DATA EXTRACTS
-=-=-=-=-

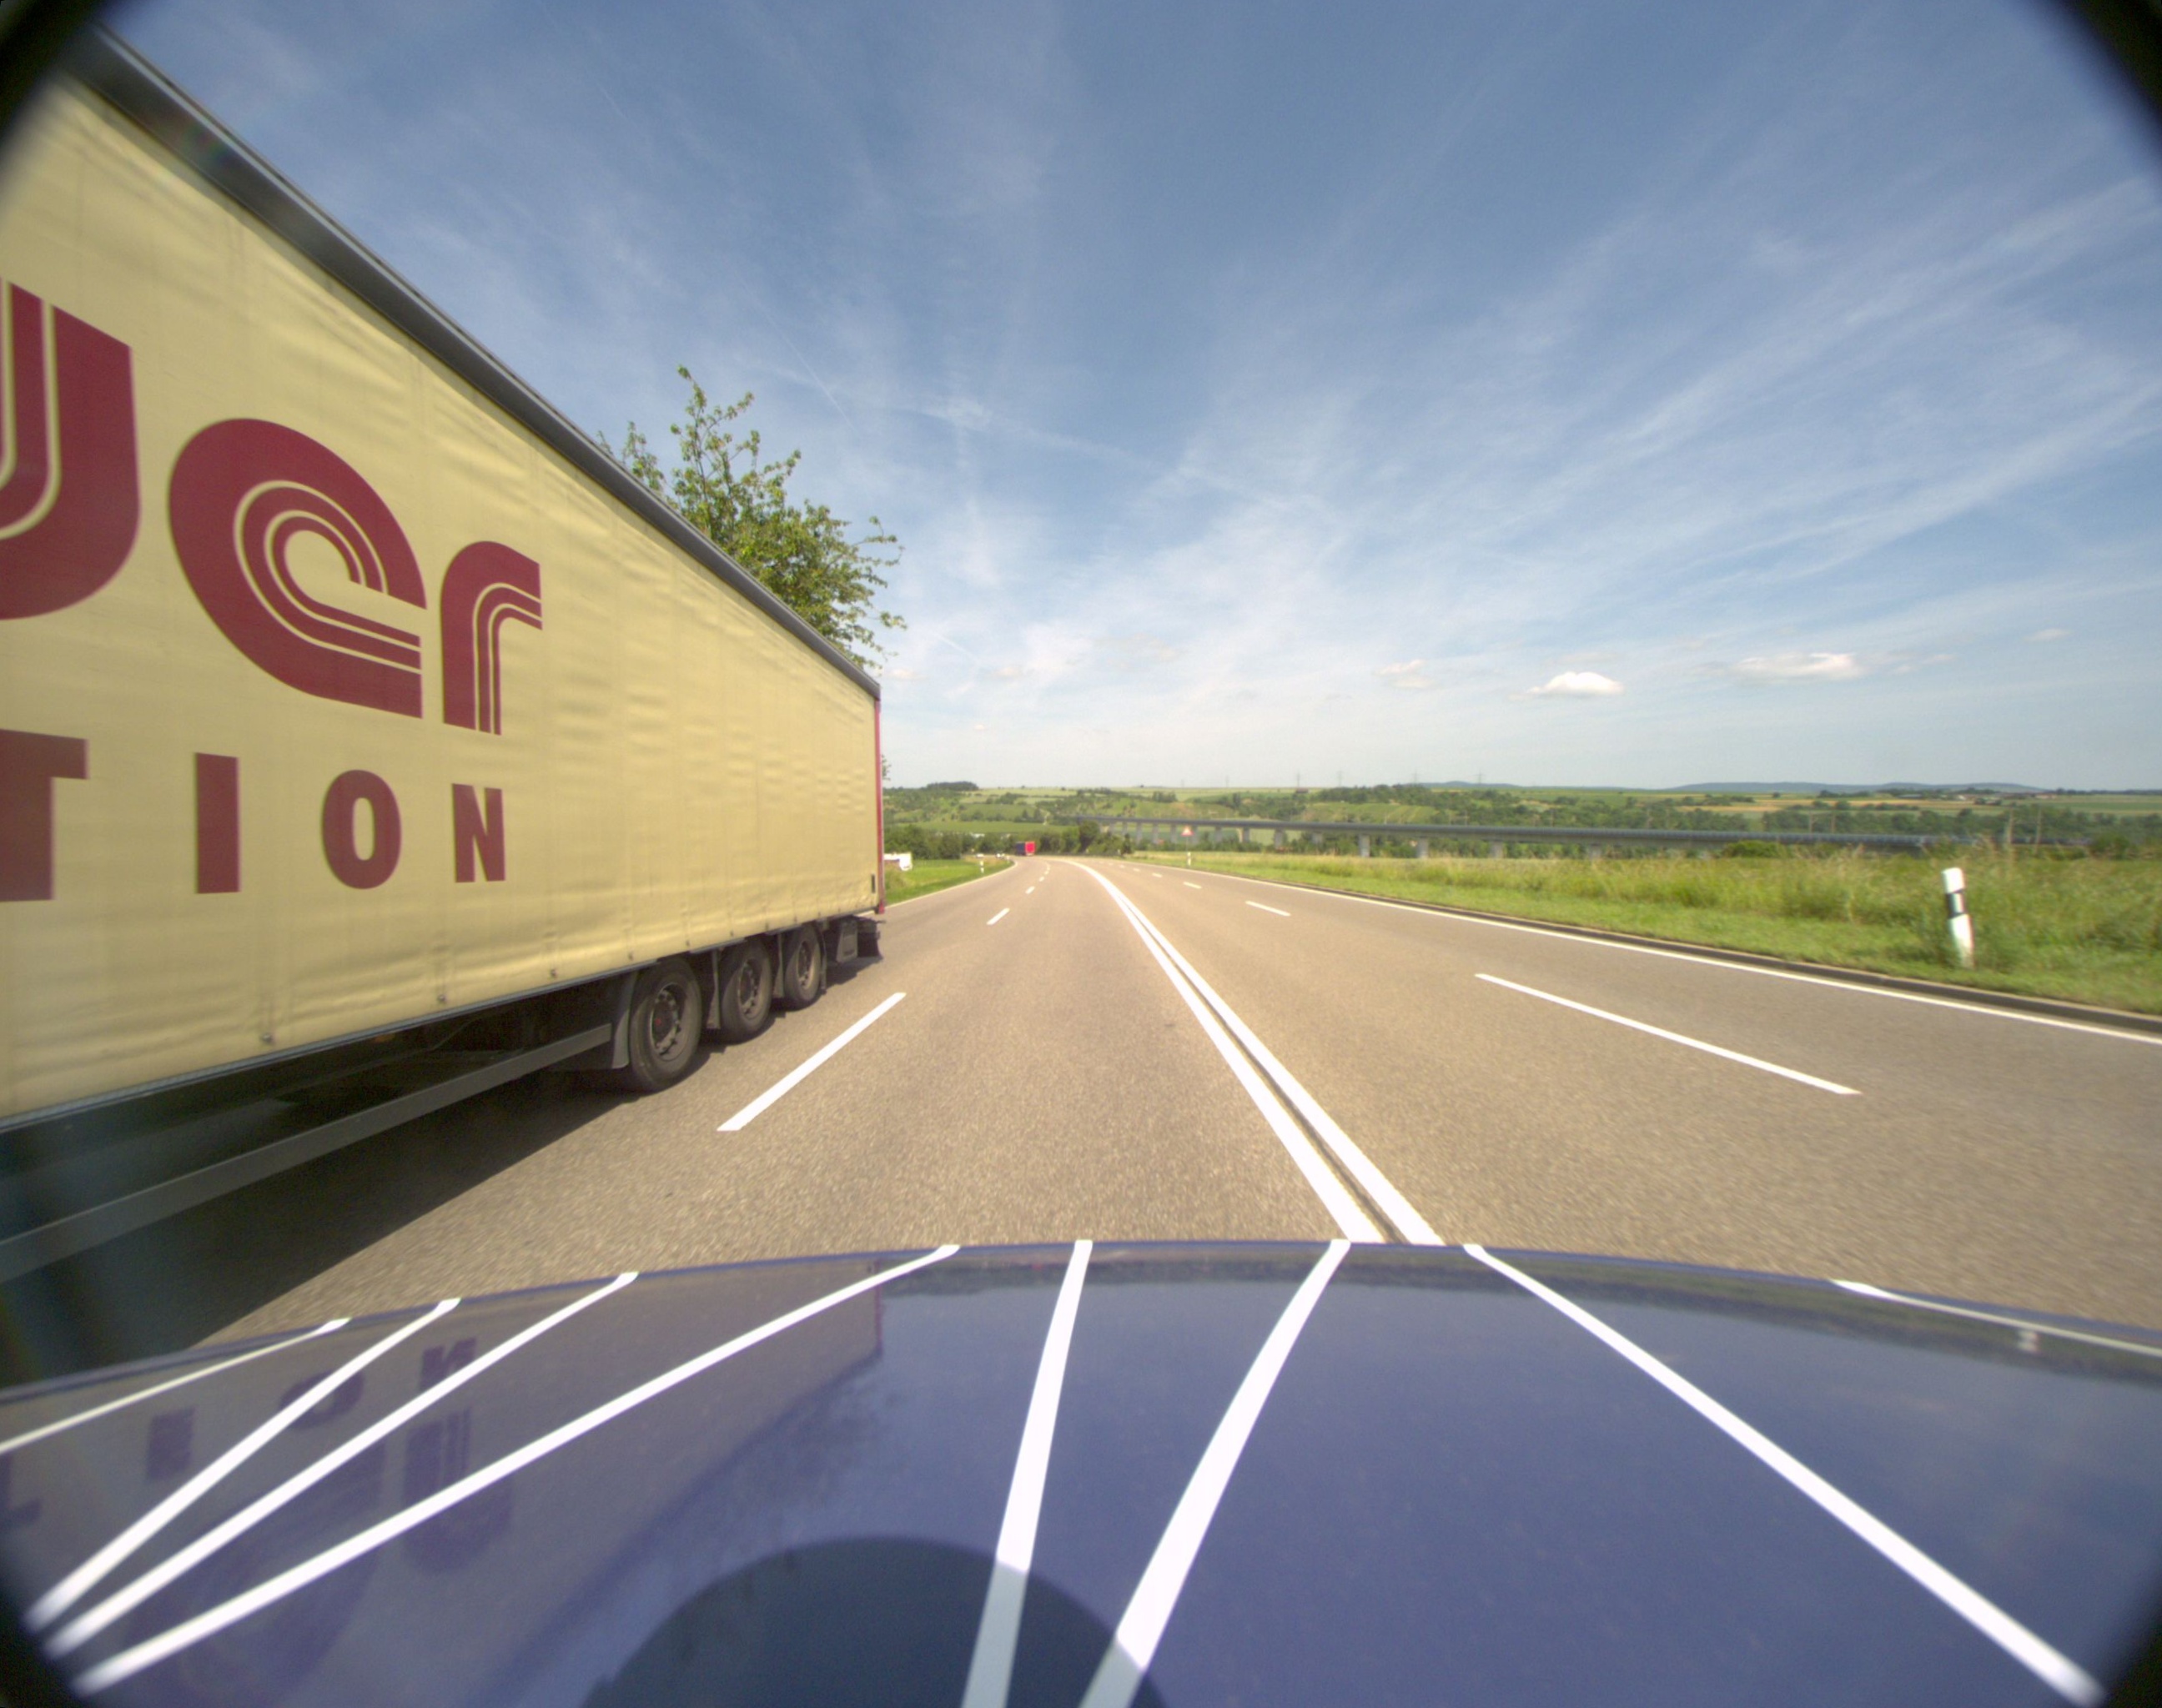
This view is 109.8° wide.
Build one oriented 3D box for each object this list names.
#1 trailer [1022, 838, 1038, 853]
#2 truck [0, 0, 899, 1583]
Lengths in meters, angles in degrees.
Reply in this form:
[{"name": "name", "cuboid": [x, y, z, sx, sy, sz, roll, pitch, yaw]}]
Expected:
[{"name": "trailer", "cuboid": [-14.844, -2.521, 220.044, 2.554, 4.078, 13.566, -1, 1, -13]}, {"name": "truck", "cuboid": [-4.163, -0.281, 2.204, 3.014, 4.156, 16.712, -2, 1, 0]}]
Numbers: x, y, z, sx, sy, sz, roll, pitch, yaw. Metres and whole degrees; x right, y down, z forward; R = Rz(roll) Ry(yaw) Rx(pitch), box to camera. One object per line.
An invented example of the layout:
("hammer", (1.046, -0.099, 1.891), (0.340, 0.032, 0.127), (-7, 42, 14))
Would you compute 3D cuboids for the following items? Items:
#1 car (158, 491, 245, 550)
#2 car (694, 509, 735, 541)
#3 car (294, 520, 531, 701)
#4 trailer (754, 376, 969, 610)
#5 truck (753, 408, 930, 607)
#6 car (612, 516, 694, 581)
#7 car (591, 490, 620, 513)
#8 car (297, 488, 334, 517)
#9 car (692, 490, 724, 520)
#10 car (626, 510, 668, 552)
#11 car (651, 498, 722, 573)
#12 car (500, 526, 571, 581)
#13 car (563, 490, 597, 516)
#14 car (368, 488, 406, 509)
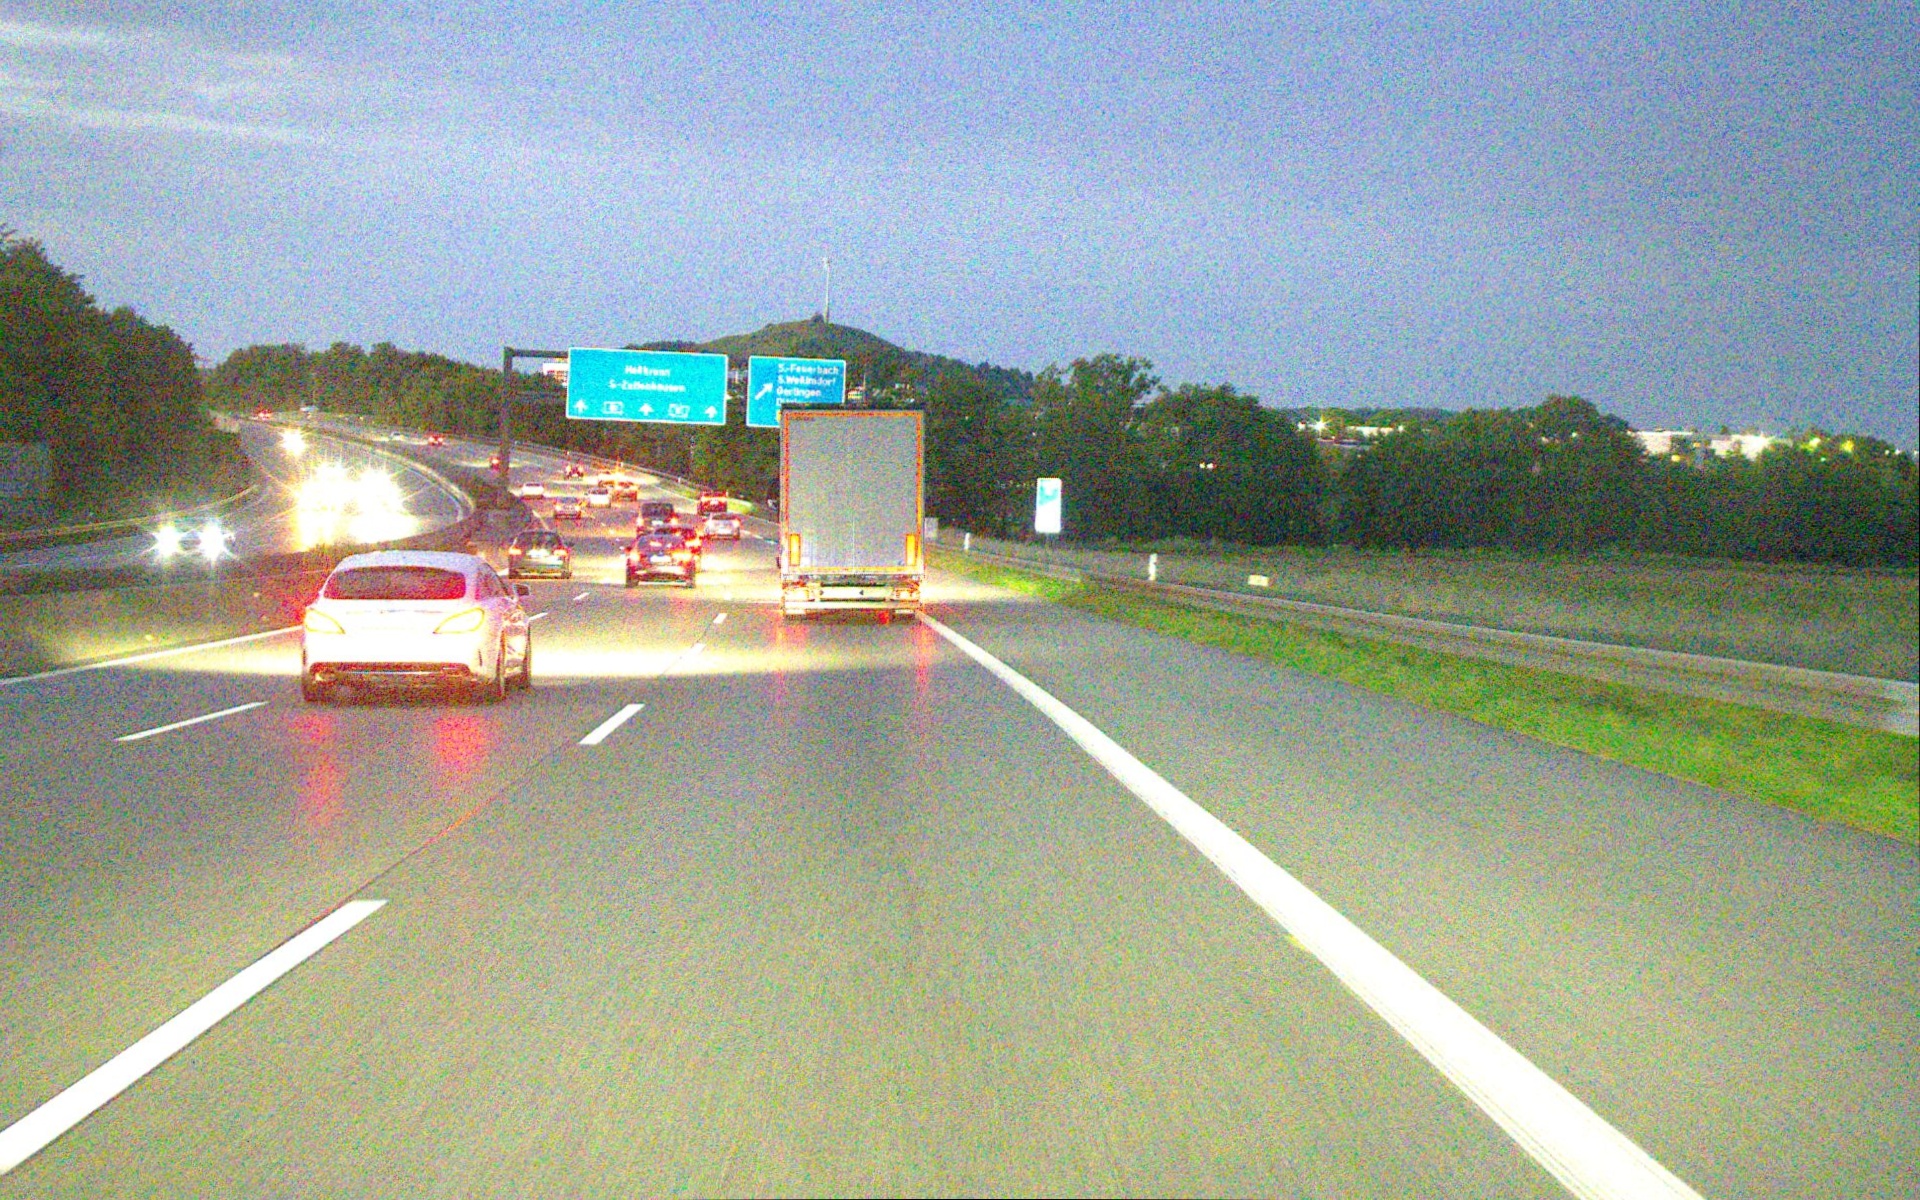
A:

-=-=-=-=-

EXERCISE REQUIREMENTS
All that should appear in the response is the run of lines from the one with "Reply in this" through the final line of the records, restated exactly, with pictures omitted.

TASK RESULT
Reply in this form:
[{"name": "name", "cuboid": [x, y, z, sx, sy, sz, roll, pitch, yaw]}]
Expected:
[{"name": "trailer", "cuboid": [-14.844, -2.521, 220.044, 2.554, 4.078, 13.566, -1, 1, -13]}, {"name": "truck", "cuboid": [-4.163, -0.281, 2.204, 3.014, 4.156, 16.712, -2, 1, 0]}]
Numbers: x, y, z, sx, sy, sz, roll, pitch, yaw. Metres and whole degrees; x right, y down, z forward; R = Rz(roll) Ry(yaw) Rx(pitch), box to camera. One object per line.
An invented example of the layout:
("hammer", (1.046, -0.099, 1.891), (0.340, 0.032, 0.127), (-7, 42, 14))
Would you compute 3D cuboids for the following items? Items:
#1 car (158, 491, 245, 550)
#2 car (694, 509, 735, 541)
#3 car (294, 520, 531, 701)
#4 trailer (754, 376, 969, 610)
#5 truck (753, 408, 930, 607)
#6 car (612, 516, 694, 581)
#7 car (591, 490, 620, 513)
#8 car (297, 488, 334, 517)
#9 car (692, 490, 724, 520)
#10 car (626, 510, 668, 552)
#11 car (651, 498, 722, 573)
#12 car (500, 526, 571, 581)
#13 car (563, 490, 597, 516)
#14 car (368, 488, 406, 509)
A:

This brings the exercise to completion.